Re: [RFC PATCH v2 0/6] SCHED_DEADLINE server infrastructure

2020-09-08 Thread Juri Lelli
Hi Pavel,

On 09/09/20 00:22, Pavel Machek wrote:
> Hi!
> 
> > This is RFC v2 of Peter's SCHED_DEADLINE server infrastructure
> > implementation [1].
> > 
> > SCHED_DEADLINE servers can help fixing starvation issues of low priority 
> > tasks (e.g., 
> > SCHED_OTHER) when higher priority tasks monopolize CPU cycles. Today we 
> > have RT 
> > Throttling; DEADLINE servers should be able to replace and improve that.
> 
> It would be worth noting what "server" is in this context.
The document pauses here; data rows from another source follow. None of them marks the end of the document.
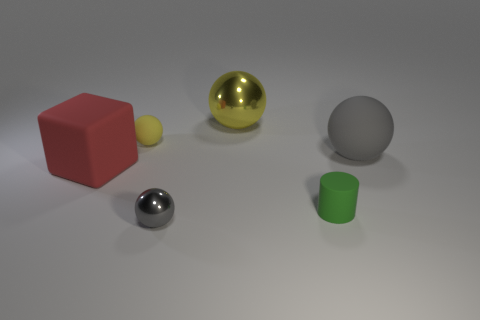Is the number of small blue metal spheres greater than the number of small yellow objects?
Offer a terse response. No. What number of things are either small spheres or metallic objects that are behind the tiny green thing?
Offer a very short reply. 3. Does the red matte block have the same size as the yellow shiny sphere?
Ensure brevity in your answer.  Yes. Are there any green matte objects behind the tiny green thing?
Your response must be concise. No. What is the size of the object that is in front of the big red cube and right of the large yellow metallic thing?
Provide a short and direct response. Small. How many things are brown matte blocks or tiny objects?
Make the answer very short. 3. Do the red rubber object and the rubber cylinder on the right side of the yellow rubber sphere have the same size?
Keep it short and to the point. No. There is a shiny ball that is in front of the tiny object that is on the left side of the gray metal sphere to the right of the large red object; what size is it?
Your answer should be compact. Small. Are any brown metal objects visible?
Provide a succinct answer. No. There is a big object that is the same color as the small matte ball; what is its material?
Offer a terse response. Metal. 
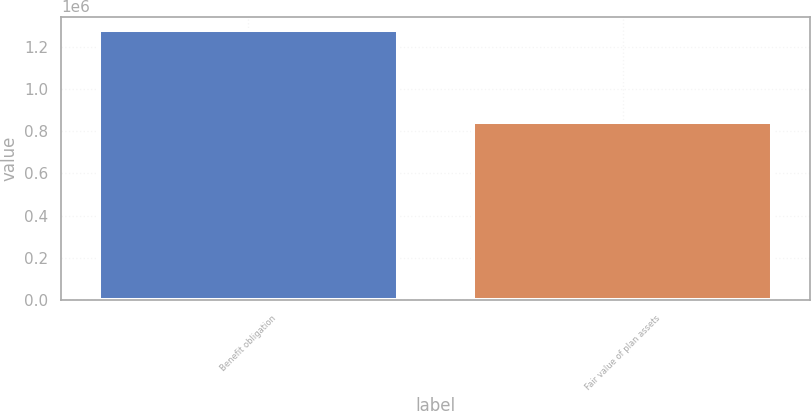<chart> <loc_0><loc_0><loc_500><loc_500><bar_chart><fcel>Benefit obligation<fcel>Fair value of plan assets<nl><fcel>1.27772e+06<fcel>842168<nl></chart> 
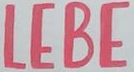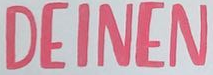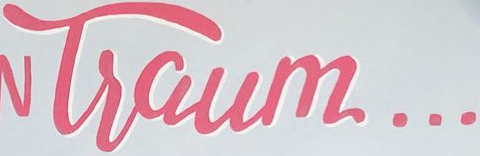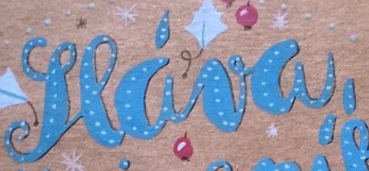What text appears in these images from left to right, separated by a semicolon? LEBE; DEINEN; Tsaum...; seáva, 
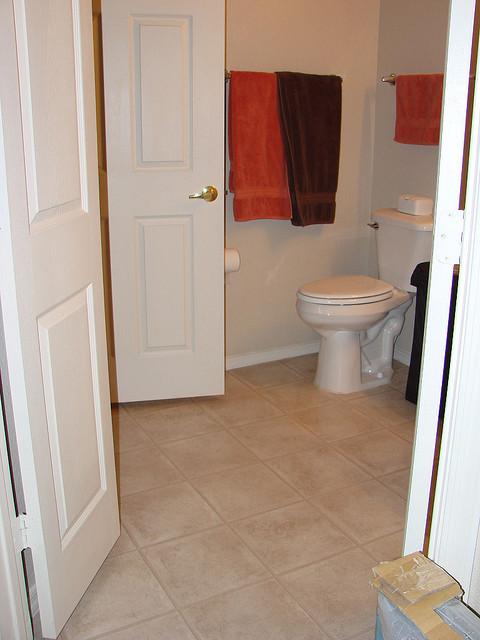How many towels are in the bathroom?
Answer briefly. 3. What shape is the tile on the floor?
Write a very short answer. Square. What is the white object behind the door?
Keep it brief. Toilet paper. 
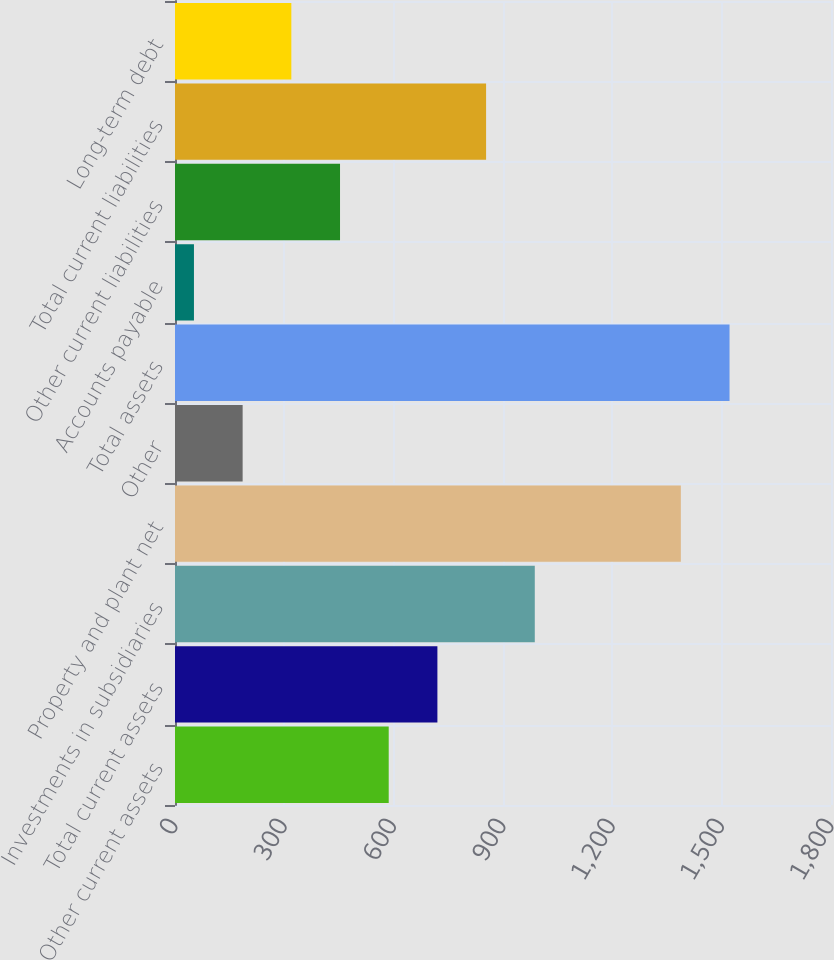Convert chart to OTSL. <chart><loc_0><loc_0><loc_500><loc_500><bar_chart><fcel>Other current assets<fcel>Total current assets<fcel>Investments in subsidiaries<fcel>Property and plant net<fcel>Other<fcel>Total assets<fcel>Accounts payable<fcel>Other current liabilities<fcel>Total current liabilities<fcel>Long-term debt<nl><fcel>586.4<fcel>720<fcel>987.2<fcel>1388<fcel>185.6<fcel>1521.6<fcel>52<fcel>452.8<fcel>853.6<fcel>319.2<nl></chart> 
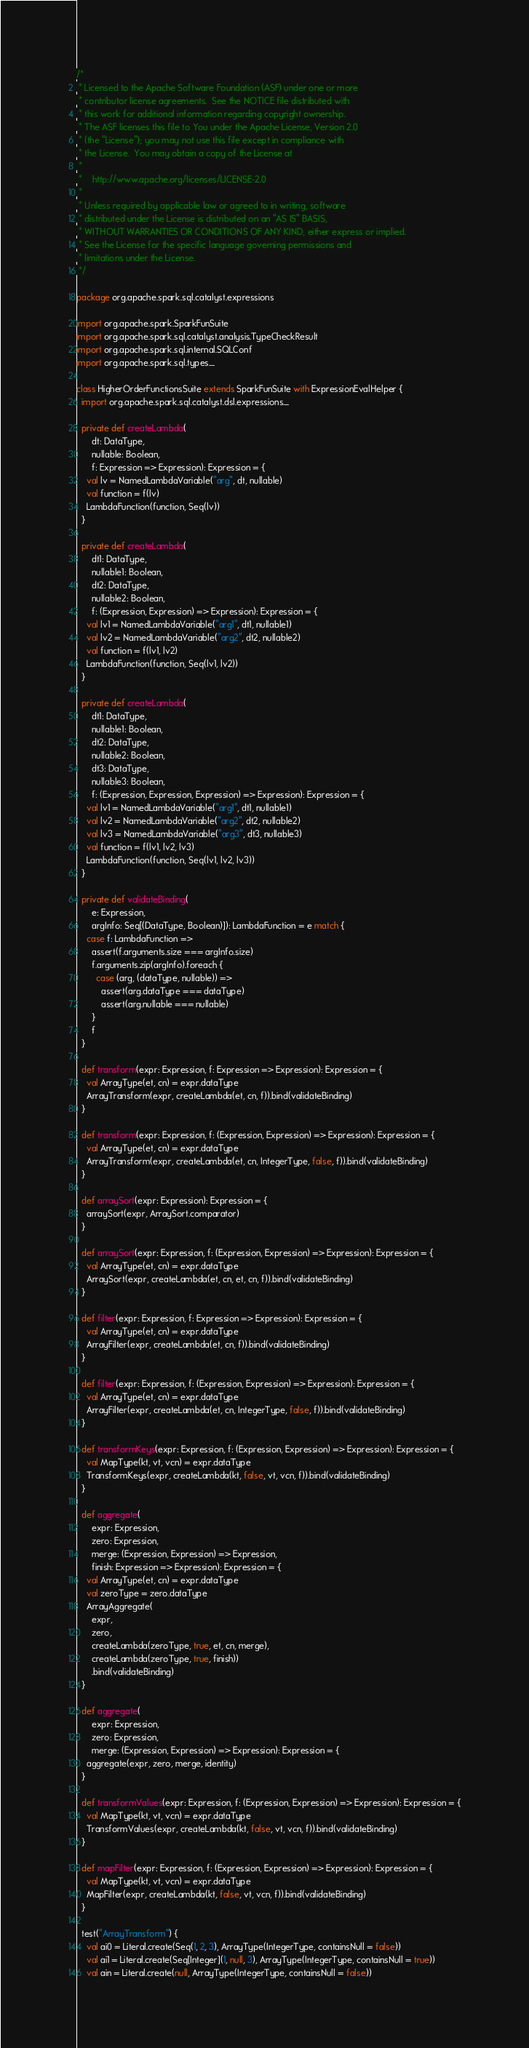<code> <loc_0><loc_0><loc_500><loc_500><_Scala_>/*
 * Licensed to the Apache Software Foundation (ASF) under one or more
 * contributor license agreements.  See the NOTICE file distributed with
 * this work for additional information regarding copyright ownership.
 * The ASF licenses this file to You under the Apache License, Version 2.0
 * (the "License"); you may not use this file except in compliance with
 * the License.  You may obtain a copy of the License at
 *
 *    http://www.apache.org/licenses/LICENSE-2.0
 *
 * Unless required by applicable law or agreed to in writing, software
 * distributed under the License is distributed on an "AS IS" BASIS,
 * WITHOUT WARRANTIES OR CONDITIONS OF ANY KIND, either express or implied.
 * See the License for the specific language governing permissions and
 * limitations under the License.
 */

package org.apache.spark.sql.catalyst.expressions

import org.apache.spark.SparkFunSuite
import org.apache.spark.sql.catalyst.analysis.TypeCheckResult
import org.apache.spark.sql.internal.SQLConf
import org.apache.spark.sql.types._

class HigherOrderFunctionsSuite extends SparkFunSuite with ExpressionEvalHelper {
  import org.apache.spark.sql.catalyst.dsl.expressions._

  private def createLambda(
      dt: DataType,
      nullable: Boolean,
      f: Expression => Expression): Expression = {
    val lv = NamedLambdaVariable("arg", dt, nullable)
    val function = f(lv)
    LambdaFunction(function, Seq(lv))
  }

  private def createLambda(
      dt1: DataType,
      nullable1: Boolean,
      dt2: DataType,
      nullable2: Boolean,
      f: (Expression, Expression) => Expression): Expression = {
    val lv1 = NamedLambdaVariable("arg1", dt1, nullable1)
    val lv2 = NamedLambdaVariable("arg2", dt2, nullable2)
    val function = f(lv1, lv2)
    LambdaFunction(function, Seq(lv1, lv2))
  }

  private def createLambda(
      dt1: DataType,
      nullable1: Boolean,
      dt2: DataType,
      nullable2: Boolean,
      dt3: DataType,
      nullable3: Boolean,
      f: (Expression, Expression, Expression) => Expression): Expression = {
    val lv1 = NamedLambdaVariable("arg1", dt1, nullable1)
    val lv2 = NamedLambdaVariable("arg2", dt2, nullable2)
    val lv3 = NamedLambdaVariable("arg3", dt3, nullable3)
    val function = f(lv1, lv2, lv3)
    LambdaFunction(function, Seq(lv1, lv2, lv3))
  }

  private def validateBinding(
      e: Expression,
      argInfo: Seq[(DataType, Boolean)]): LambdaFunction = e match {
    case f: LambdaFunction =>
      assert(f.arguments.size === argInfo.size)
      f.arguments.zip(argInfo).foreach {
        case (arg, (dataType, nullable)) =>
          assert(arg.dataType === dataType)
          assert(arg.nullable === nullable)
      }
      f
  }

  def transform(expr: Expression, f: Expression => Expression): Expression = {
    val ArrayType(et, cn) = expr.dataType
    ArrayTransform(expr, createLambda(et, cn, f)).bind(validateBinding)
  }

  def transform(expr: Expression, f: (Expression, Expression) => Expression): Expression = {
    val ArrayType(et, cn) = expr.dataType
    ArrayTransform(expr, createLambda(et, cn, IntegerType, false, f)).bind(validateBinding)
  }

  def arraySort(expr: Expression): Expression = {
    arraySort(expr, ArraySort.comparator)
  }

  def arraySort(expr: Expression, f: (Expression, Expression) => Expression): Expression = {
    val ArrayType(et, cn) = expr.dataType
    ArraySort(expr, createLambda(et, cn, et, cn, f)).bind(validateBinding)
  }

  def filter(expr: Expression, f: Expression => Expression): Expression = {
    val ArrayType(et, cn) = expr.dataType
    ArrayFilter(expr, createLambda(et, cn, f)).bind(validateBinding)
  }

  def filter(expr: Expression, f: (Expression, Expression) => Expression): Expression = {
    val ArrayType(et, cn) = expr.dataType
    ArrayFilter(expr, createLambda(et, cn, IntegerType, false, f)).bind(validateBinding)
  }

  def transformKeys(expr: Expression, f: (Expression, Expression) => Expression): Expression = {
    val MapType(kt, vt, vcn) = expr.dataType
    TransformKeys(expr, createLambda(kt, false, vt, vcn, f)).bind(validateBinding)
  }

  def aggregate(
      expr: Expression,
      zero: Expression,
      merge: (Expression, Expression) => Expression,
      finish: Expression => Expression): Expression = {
    val ArrayType(et, cn) = expr.dataType
    val zeroType = zero.dataType
    ArrayAggregate(
      expr,
      zero,
      createLambda(zeroType, true, et, cn, merge),
      createLambda(zeroType, true, finish))
      .bind(validateBinding)
  }

  def aggregate(
      expr: Expression,
      zero: Expression,
      merge: (Expression, Expression) => Expression): Expression = {
    aggregate(expr, zero, merge, identity)
  }

  def transformValues(expr: Expression, f: (Expression, Expression) => Expression): Expression = {
    val MapType(kt, vt, vcn) = expr.dataType
    TransformValues(expr, createLambda(kt, false, vt, vcn, f)).bind(validateBinding)
  }

  def mapFilter(expr: Expression, f: (Expression, Expression) => Expression): Expression = {
    val MapType(kt, vt, vcn) = expr.dataType
    MapFilter(expr, createLambda(kt, false, vt, vcn, f)).bind(validateBinding)
  }

  test("ArrayTransform") {
    val ai0 = Literal.create(Seq(1, 2, 3), ArrayType(IntegerType, containsNull = false))
    val ai1 = Literal.create(Seq[Integer](1, null, 3), ArrayType(IntegerType, containsNull = true))
    val ain = Literal.create(null, ArrayType(IntegerType, containsNull = false))
</code>

It comes from Constant Bandwidth Server (CBS), that SCHED_DEADLINE is
implementing [1].

> 
> It is not white box with CPU inside, it is not even an userland process, 
> afaict.
> 
> Subject is quite confusing.

Best,
Juri

1 - 
https://elixir.bootlin.com/linux/latest/source/Documentation/scheduler/sched-deadline.rst#L42



Re: [RFC PATCH v2 0/6] SCHED_DEADLINE server infrastructure

2020-09-08 Thread Pavel Machek
Hi!

> This is RFC v2 of Peter's SCHED_DEADLINE server infrastructure
> implementation [1].
> 
> SCHED_DEADLINE servers can help fixing starvation issues of low priority 
> tasks (e.g., 
> SCHED_OTHER) when higher priority tasks monopolize CPU cycles. Today we have 
> RT 
> Throttling; DEADLINE servers should be able to replace and improve that.

It would be worth noting what "server" is in this context.

It is not white box with CPU inside, it is not even an userland process, afaict.

Subject is quite confusing.

Best regards,
Pavel
-- 
(english) http://www.livejournal.com/~pavelmachek
(cesky, pictures) 
http://atrey.karlin.mff.cuni.cz/~pavel/picture/horses/blog.html


Re: [RFC PATCH v2 0/6] SCHED_DEADLINE server infrastructure

2020-08-07 Thread luca abeni
Hi Juri,

thanks for sharing the v2 patchset!

In the next days I'll have a look at it, and try some tests...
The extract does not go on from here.